=== WORK REQUIRED ===
Your output is the line containing "2.5 s after image 1." plus every line after it in the listing, reproduced exactly.

=== SUPPLIED INFORMATION ===

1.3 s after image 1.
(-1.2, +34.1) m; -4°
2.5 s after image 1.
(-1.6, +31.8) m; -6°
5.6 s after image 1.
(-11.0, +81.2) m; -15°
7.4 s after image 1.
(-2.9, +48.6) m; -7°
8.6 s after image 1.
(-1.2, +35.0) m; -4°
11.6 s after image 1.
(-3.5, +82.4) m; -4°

=== TASK SOLUTION ===
2.5 s after image 1.
(-1.6, +31.8) m; -6°
5.6 s after image 1.
(-11.0, +81.2) m; -15°
7.4 s after image 1.
(-2.9, +48.6) m; -7°
8.6 s after image 1.
(-1.2, +35.0) m; -4°
11.6 s after image 1.
(-3.5, +82.4) m; -4°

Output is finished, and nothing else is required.